“Even the smallest ones can change the world”

-       Peter Rabbit


You don’t have had to have been reading I’m NOT Disordered very long to know that my mental health is greatly benefited by having my pets (a two-year-old bunny named Pixie and a one-year-old kitten named Emmy) because I regularly talk about them, promote the general notion of having pets, and have collaborated on a few pieces for Pets at Home, Cats Protection and Willows Cat Adoption Centre. And if you know this, then you’ll appreciate my happiness when I found an excuse to go into my local Pets at Home; the bow on Emmy’s collar was frayed but things got even better when I spotted some new collars and accessories! I’ve always wanted to dress up my pets, but I’ve been very skeptical that they’d tolerate anything so when I fell in love with the ‘So Meowgical’ bandana for cats, I figured it was the perfect opportunity to give it a go! And, much to my excitement, Emmy loved her trendy new neckerchief and - as I said to my Mum - “she ponced about in it like she was all proud of herself!” And of course, once I’d seen that she liked it, I went ahead to searched for cat bandanas on Etsy! I’ve never used Etsy before but the price on the personalized neckerchief, from Bandana Bowtique, that I picked out was so good that I figured it wouldn’t matter too much if the order didn’t work. But of course, it did, and after the neckerchief was delivered in a matter of days (despite it only being a £1 delivery charge) I messaged the seller to suggest a collaboration. And I’m very pleased to say that Bandana Bowtique have offered you all an exclusive 15% discount code to use on their Etsy shop  - all you have to do is type in IMNOTDISORDERED at the checkout! 

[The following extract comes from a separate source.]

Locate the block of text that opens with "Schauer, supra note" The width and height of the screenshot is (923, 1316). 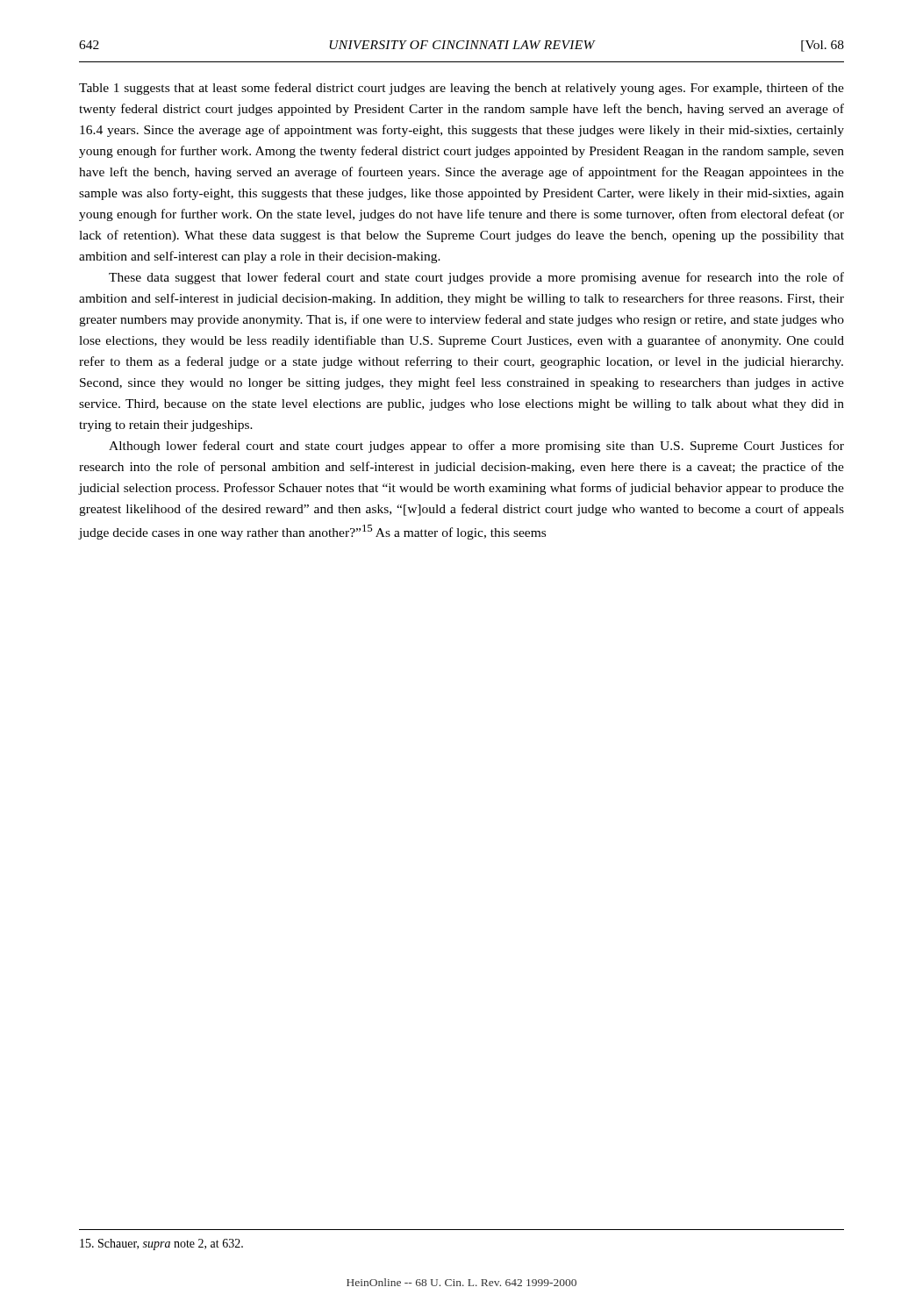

This post wasn’t just inspired by the collaboration though; recently, a friend has had to make the all too familiar decision to have her cat put to sleep and it has inevitably triggered memories of losing my four-year-old cat Dolly last October. Luckily, my mental health is at the point where I can cope with these memories but another helpful aspect in coping with the triggers is having Emmy. Even though I still had Pixie, the house wasn’t a home without a cat in it. And having been raised with a cat, Pixie was lonely and constantly wanting attention and cuddles – which was sweet but also sad; so I visited Willows Cat Adoption Centre a week after Dolly was put to sleep and adopted Emmy – a rescue kitten (known as Jennifer at the Centre) who had been found wandering the streets at only a few weeks old. And now, almost a year later, I took this collaboration as an opportunity to look back on the past ten or so months with Emmy and think about all the positives that have come from adopting her… 

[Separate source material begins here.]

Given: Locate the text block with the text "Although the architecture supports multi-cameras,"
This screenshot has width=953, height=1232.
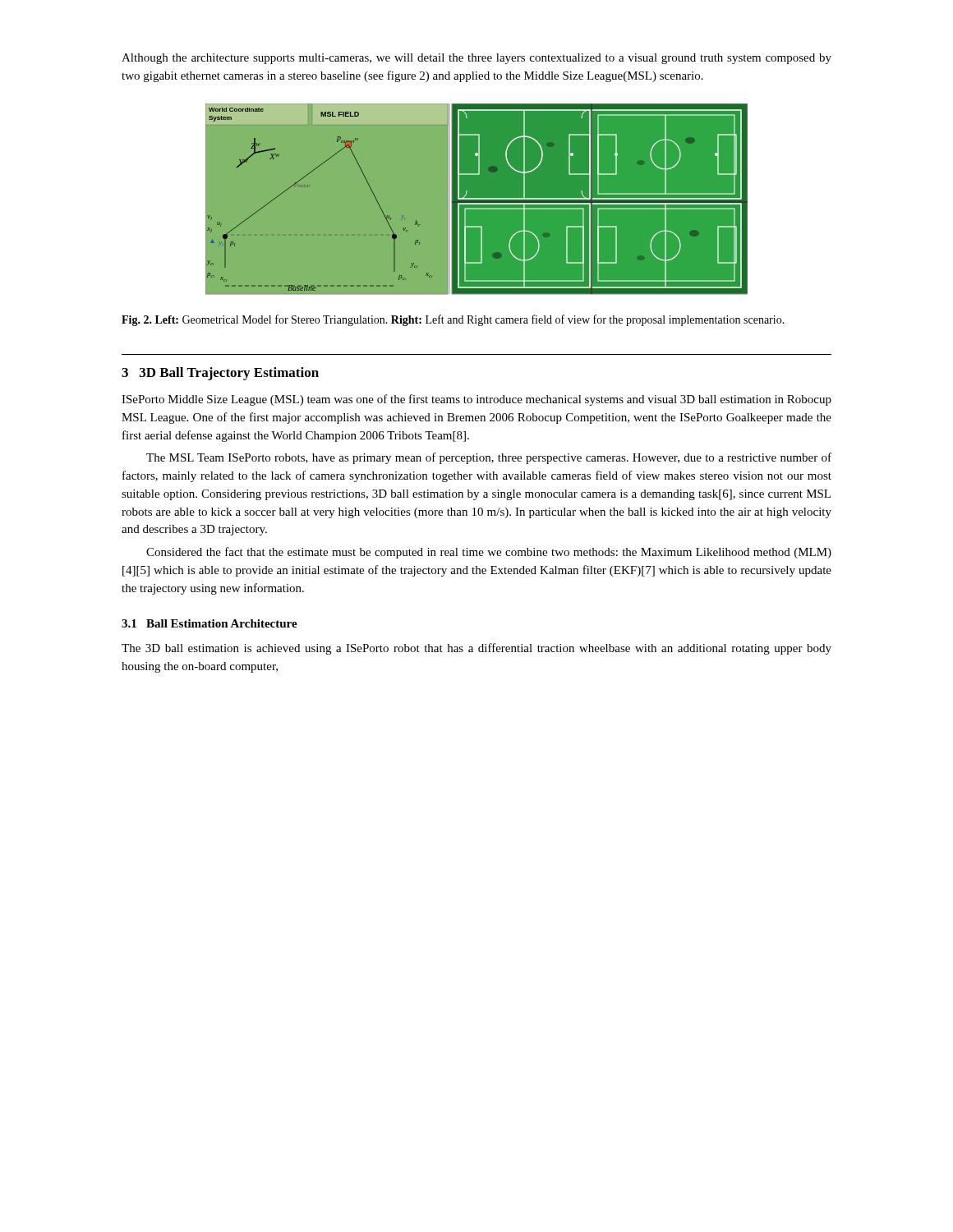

The importance of responsibility has been a huge lesson learnt in recent months. For so long, my mental health left me wondering if I’d ever have children because I thought that if I couldn’t take care of myself then how could I possibly take care of anyone else?! So, going into recovery, it almost felt like I deserved to have pets; as though because I’d worked my butt off in trauma therapy and Dialectical Behaviour Therapy sessions, I deserved the happiness and positivity that having a pet can bring. I deserved the love and affection. The fun and the responsibility. The dedication and the company. Taking responsibility for another life/lives was initially very daunting but now? It’s a motivation; knowing that I have someone else to look after can be a great help in fighting self-harm urges and suicidal thoughts. This was hard at first because I thought that I was a terrible person for being affected by the thought of leaving my pets behind more so than the thought of leaving my family and friends but I realized that the difference is; Emmy and Pixie rely on me in a very specific, and different way.

After years in therapy and having intensive inpatient psychology sessions, I’d become used to concentrating on myself, my mental health and my general wellbeing; so, when Dolly first took poorly in October (2018) I was hit with a sharp, and sudden insight into responsibility. I was thrown off balance when I suddenly realized that it really didn’t matter how I felt; Dolly was the priority and her health came first. Ironically, it seemed that just as soon as I got used to that notion; she was cruelly snatched from me and I was back to having to constantly consider my mental health and my own physical wellbeing. A lot of people questioned my determination to get a new kitten so soon (within a week) after Dolly was put to sleep and some thought that having Pixie should mean I still had some company and therefore I shouldn’t be desperate for more. But getting Emmy was about so much more than just having extra company for me and a friend for Pixie! 

I honestly felt that I wouldn’t believe that Dolly was really gone while the hole remained in our family; and whilst Emmy obviously doesn’t fill that Dolly-shaped-hole, she keeps it from gaping wide open and allowing things to fall through it. Ironically, while Emmy helped me to accept Dolly’s death, she also helped me to then cope with it. Having Emmy meant that I had both a distraction and a new responsibility. I think that her being my first rescue pet helped too because knowing her difficult upbringing (she was found wandering the streets at only a few weeks old) gave me more motivation to provide her with the life that she – and all animals – deserve; a life filled with safety, happiness, and love. Coping with the loss of Dolly filled me with a strength I hadn’t known for a long time; it showed me that even when one of the worst things could happen, I would survive it.